Aim of the task
Extract only the lines running from the top of the entries to the line that holds "text Artikel 11". Include that line and omit the pictures.

[Source data]
▬▬▬
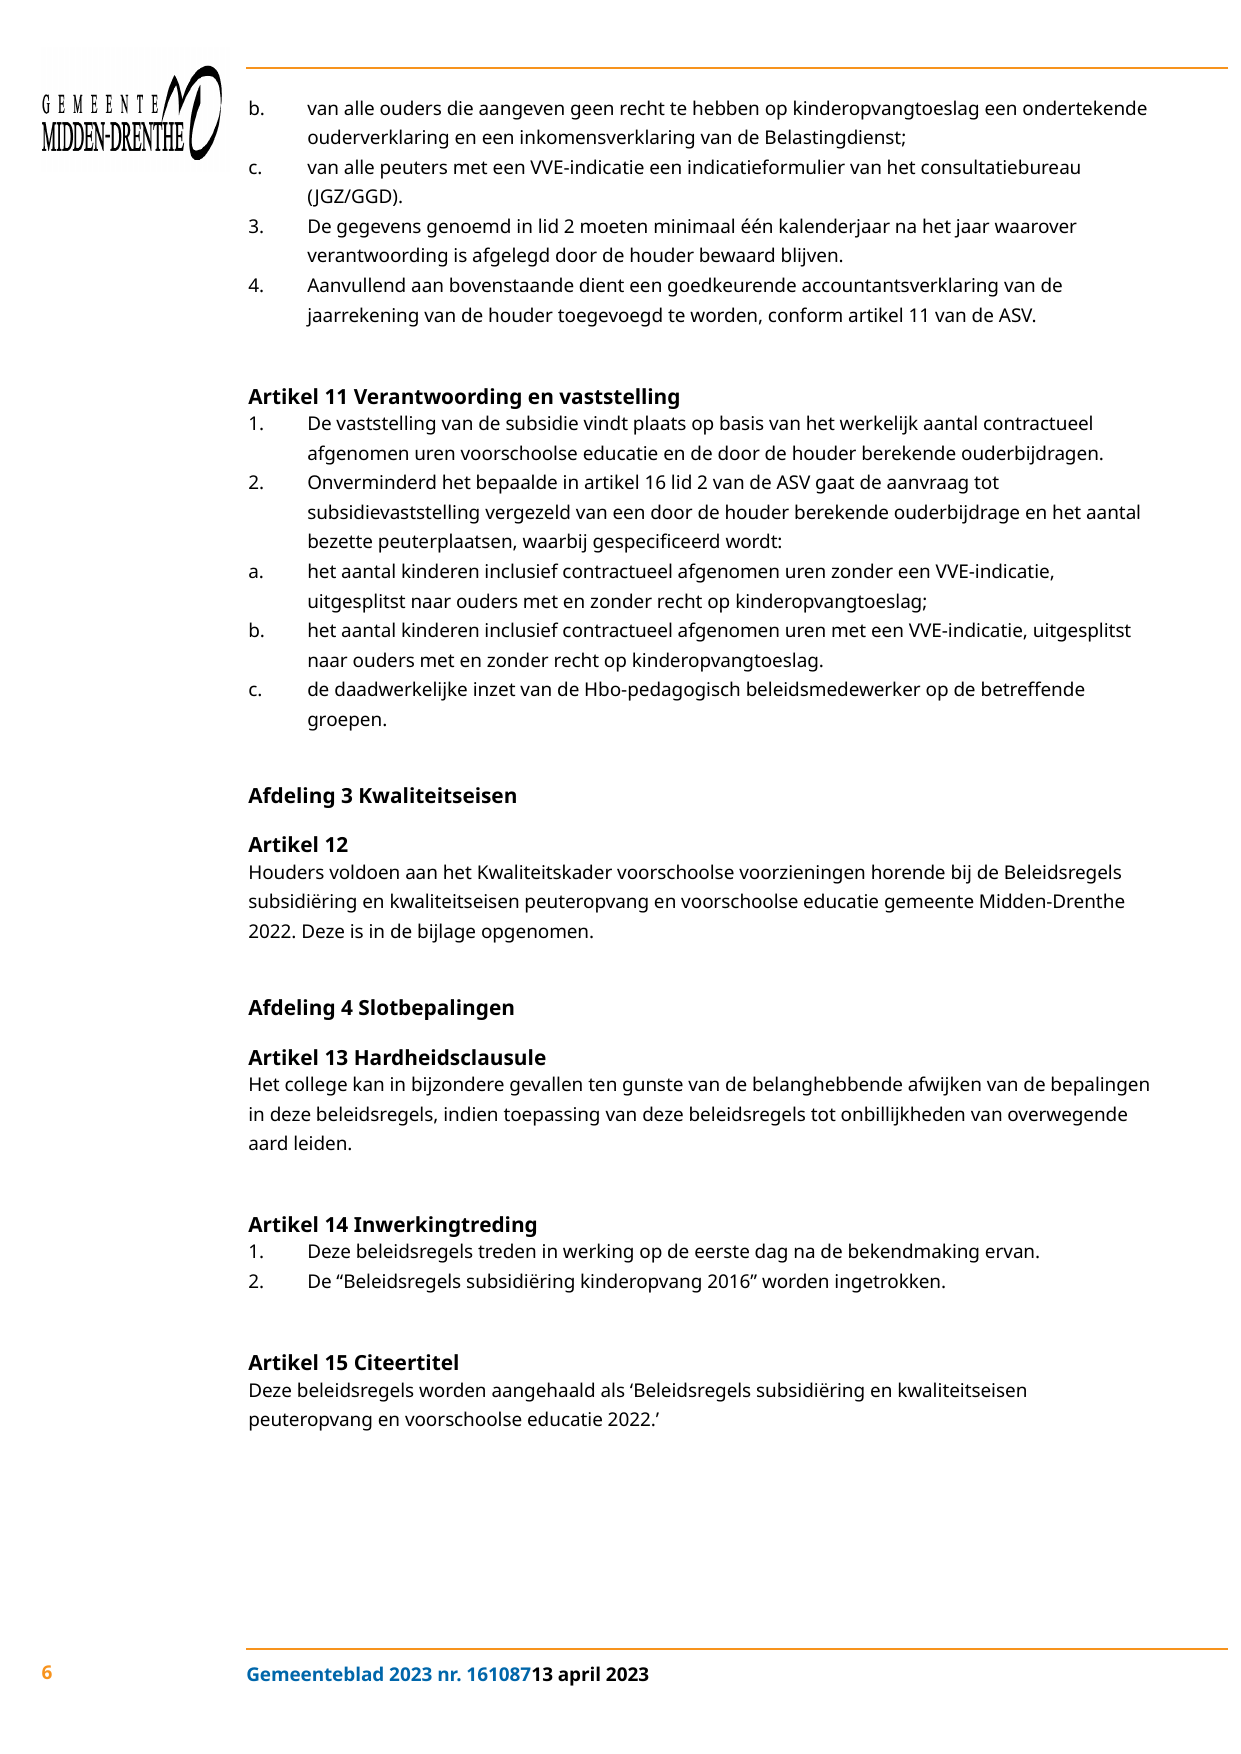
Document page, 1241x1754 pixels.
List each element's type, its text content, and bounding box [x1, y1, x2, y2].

picture [41, 47, 231, 172]
text Artikel 11 Verantwoording en vaststelling [248, 382, 1152, 410]
list het aantal kinderen inclusief contractueel afgenomen uren met een VVE-indicatie, uitgesplitst naar ouders met en zonder recht op kinderopvangtoeslag. [248, 617, 1152, 673]
list Onverminderd het bepaalde in artikel 16 lid 2 van de ASV gaat de aanvraag tot subsidievaststelling vergezeld van een door de houder berekende ouderbijdrage en het aantal bezette peuterplaatsen, waarbij gespecificeerd wordt: [248, 469, 1152, 554]
list het aantal kinderen inclusief contractueel afgenomen uren zonder een VVE-indicatie, uitgesplitst naar ouders met en zonder recht op kinderopvangtoeslag; [248, 558, 1152, 613]
text Artikel 15 Citeertitel [248, 1348, 1152, 1377]
list de daadwerkelijke inzet van de Hbo-pedagogisch beleidsmedewerker op de betreffende groepen. [248, 677, 1152, 732]
list van alle ouders die aangeven geen recht te hebben op kinderopvangtoeslag een ondertekende ouderverklaring en een inkomensverklaring van de Belastingdienst; [248, 95, 1152, 150]
list De “Beleidsregels subsidiëring kinderopvang 2016” worden ingetrokken. [248, 1268, 1152, 1294]
list De gegevens genoemd in lid 2 moeten minimaal één kalenderjaar na het jaar waarover verantwoording is afgelegd door de houder bewaard blijven. [248, 213, 1152, 268]
text Artikel 12 [248, 831, 1152, 859]
text Artikel 13 Hardheidsclausule [248, 1043, 1152, 1071]
list van alle peuters met een VVE-indicatie een indicatieformulier van het consultatiebureau (JGZ/GGD). [248, 154, 1152, 209]
text Deze beleidsregels worden aangehaald als ‘Beleidsregels subsidiëring en kwaliteitseisen peuteropvang en voorschoolse educatie 2022.’ [248, 1377, 1152, 1432]
text Houders voldoen aan het Kwaliteitskader voorschoolse voorzieningen horende bij de Beleidsregels subsidiëring en kwaliteitseisen peuteropvang en voorschoolse educatie gemeente Midden-Drenthe 2022. Deze is in de bijlage opgenomen. [248, 859, 1152, 944]
list De vaststelling van de subsidie vindt plaats op basis van het werkelijk aantal contractueel afgenomen uren voorschoolse educatie en de door de houder berekende ouderbijdragen. [248, 410, 1152, 466]
text Het college kan in bijzondere gevallen ten gunste van de belanghebbende afwijken van de bepalingen in deze beleidsregels, indien toepassing van deze beleidsregels tot onbillijkheden van overwegende aard leiden. [248, 1071, 1152, 1156]
text Afdeling 4 Slotbepalingen [248, 993, 1152, 1022]
text Afdeling 3 Kwaliteitseisen [248, 781, 1152, 810]
list Deze beleidsregels treden in werking op de eerste dag na de bekendmaking ervan. [248, 1239, 1152, 1264]
text Artikel 14 Inwerkingtreding [248, 1210, 1152, 1239]
list Aanvullend aan bovenstaande dient een goedkeurende accountantsverklaring van de jaarrekening van de houder toegevoegd te worden, conform artikel 11 van de ASV. [248, 272, 1152, 328]
▬▬▬
Result below
Document page, 1241x1754 pixels.
List each element's type, its text content, and bounding box [x1, y1, x2, y2].

picture [41, 47, 231, 172]
text Artikel 11 Verantwoording en vaststelling [248, 382, 1152, 410]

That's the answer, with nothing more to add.